9. The method of claim 8 for treating or preventing a disorder of fatty acid metabolism or glucose utilization in a patient, comprising the administration of a therapeutically effective amount of the compound of formula I of claim 8 to the patient.
10. The method of claim 8 for treating or preventing a disorder involving insulin resistance in a patient, comprising the administration of a therapeutically effective amount of the compound of formula I of claim 8 to the patient.
11. The method of claim 8 for treating or preventing diabetes mellitus and its sequelae in a patient, comprising the administration of a therapeutically effective amount of the compound of formula I of claim 8 to the patient.
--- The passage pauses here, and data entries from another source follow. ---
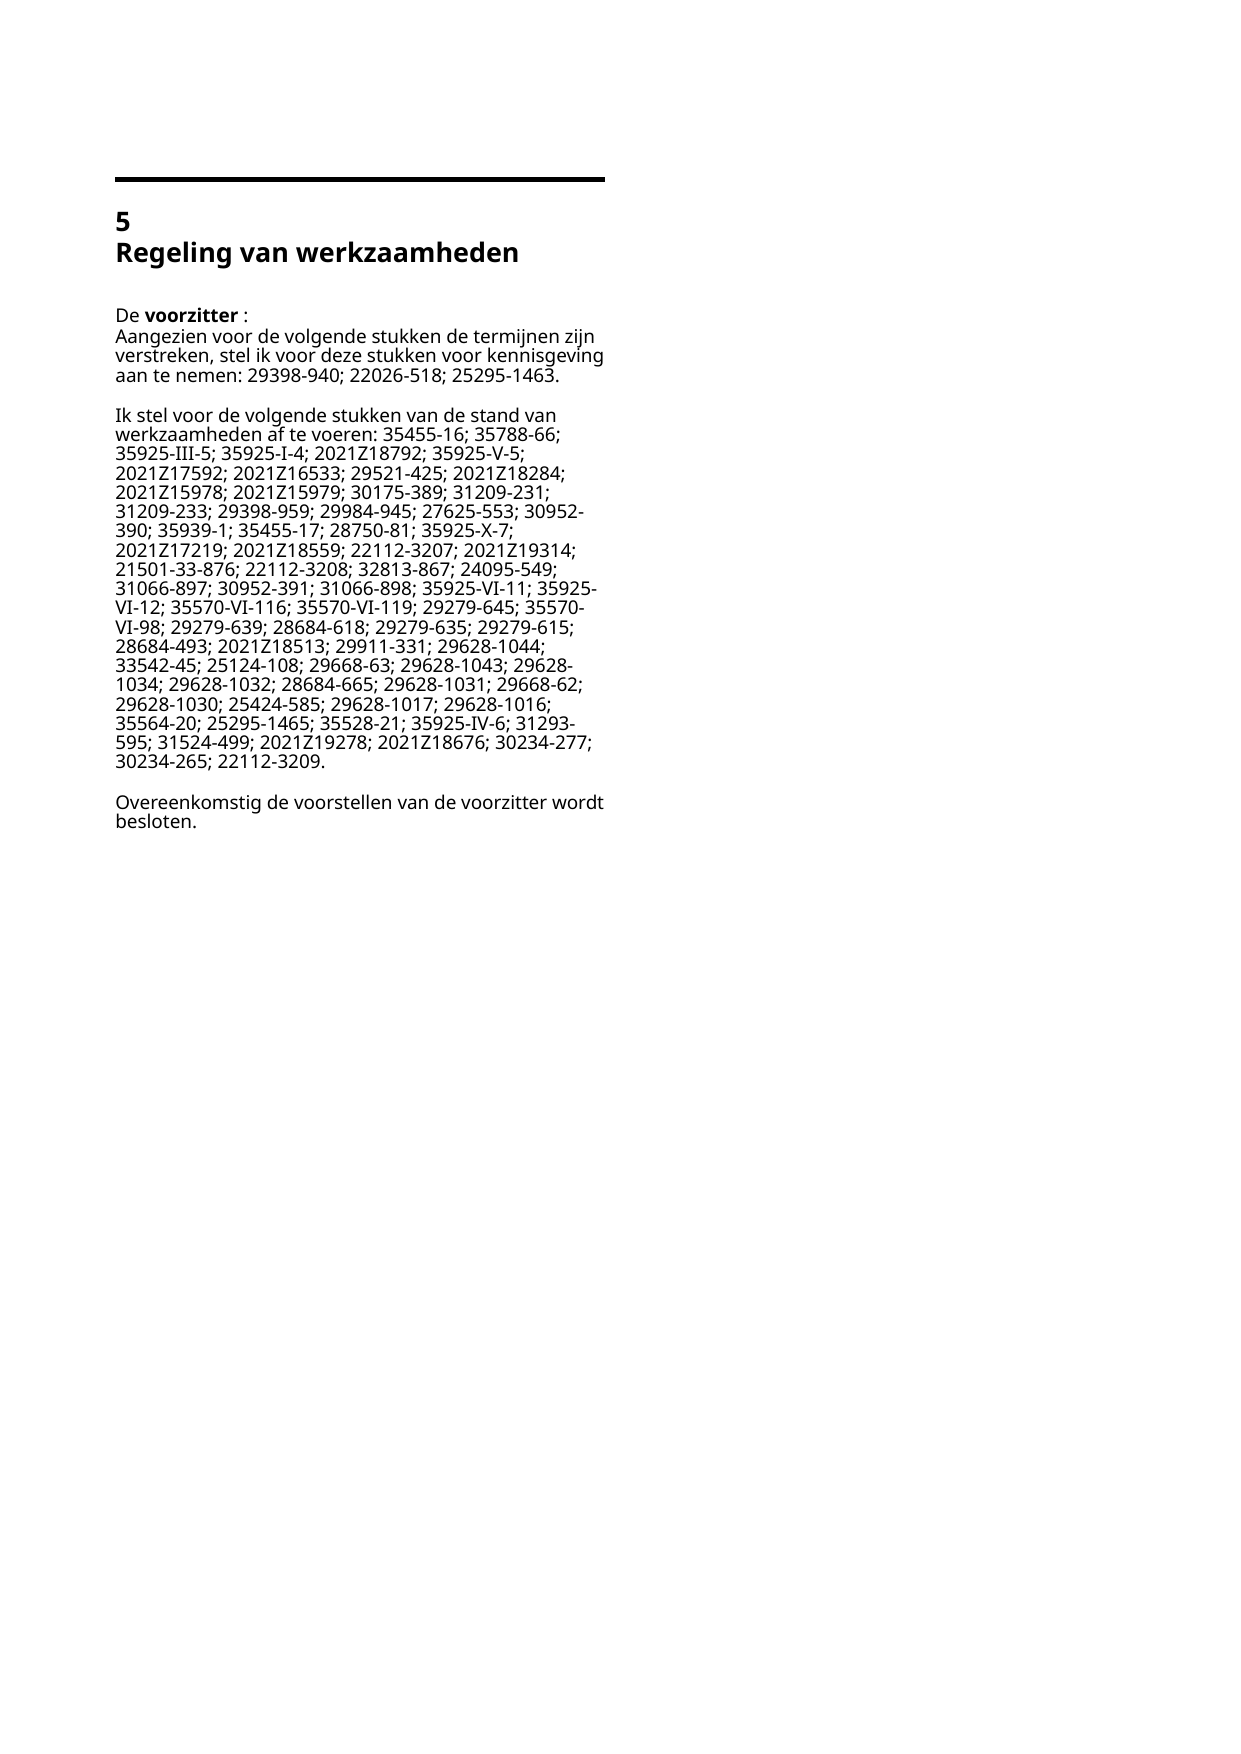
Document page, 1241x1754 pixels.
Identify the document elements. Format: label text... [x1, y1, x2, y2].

text 5 [115, 203, 605, 239]
text De voorzitter : [115, 302, 605, 328]
text Overeenkomstig de voorstellen van de voorzitter wordt besloten. [115, 794, 605, 832]
text Aangezien voor de volgende stukken de termijnen zijn verstreken, stel ik voor deze stukken voor kennisgeving aan te nemen: 29398-940; 22026-518; 25295-1463. [115, 328, 605, 386]
text Ik stel voor de volgende stukken van de stand van werkzaamheden af te voeren: 35455-16; 35788-66; 35925-III-5; 35925-I-4; 2021Z18792; 35925-V-5; 2021Z17592; 2021Z16533; 29521-425; 2021Z18284; 2021Z15978; 2021Z15979; 30175-389; 31209-231; 31209-233; 29398-959; 29984-945; 27625-553; 30952-390; 35939-1; 35455-17; 28750-81; 35925-X-7; 2021Z17219; 2021Z18559; 22112-3207; 2021Z19314; 21501-33-876; 22112-3208; 32813-867; 24095-549; 31066-897; 30952-391; 31066-898; 35925-VI-11; 35925-VI-12; 35570-VI-116; 35570-VI-119; 29279-645; 35570-VI-98; 29279-639; 28684-618; 29279-635; 29279-615; 28684-493; 2021Z18513; 29911-331; 29628-1044; 33542-45; 25124-108; 29668-63; 29628-1043; 29628-1034; 29628-1032; 28684-665; 29628-1031; 29668-62; 29628-1030; 25424-585; 29628-1017; 29628-1016; 35564-20; 25295-1465; 35528-21; 35925-IV-6; 31293-595; 31524-499; 2021Z19278; 2021Z18676; 30234-277; 30234-265; 22112-3209. [115, 407, 605, 773]
text Regeling van werkzaamheden [115, 239, 605, 283]
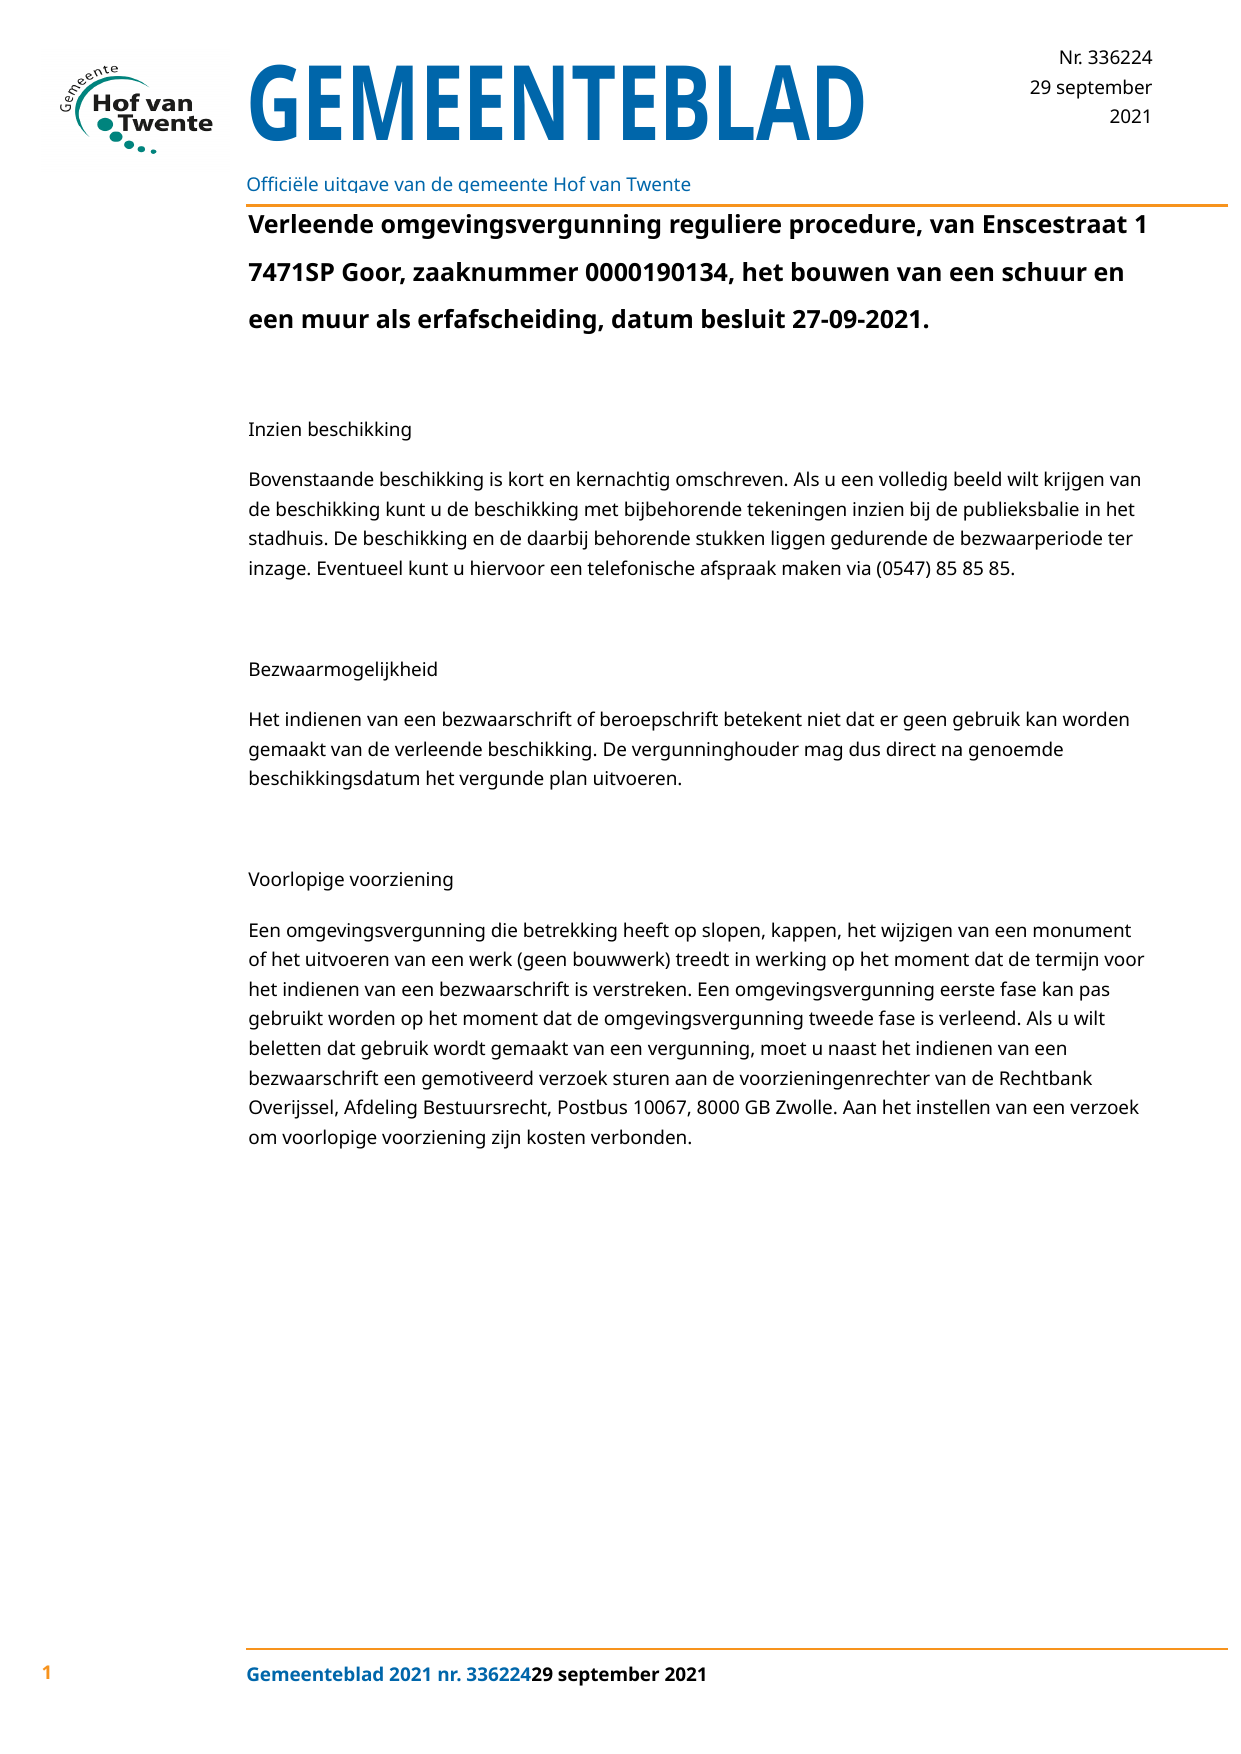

12. The method of claim 8 for treating or preventing dyslpidemias and their sequelae in a patient, comprising the administration of a therapeutically effective amount of the compound of claim 2 to the patient.
13. A method for treating or preventing a physiological state associated with a metabolic syndrome in a patient, comprising administering a therapeutically effective amount of the compound of claim 2 to the patient.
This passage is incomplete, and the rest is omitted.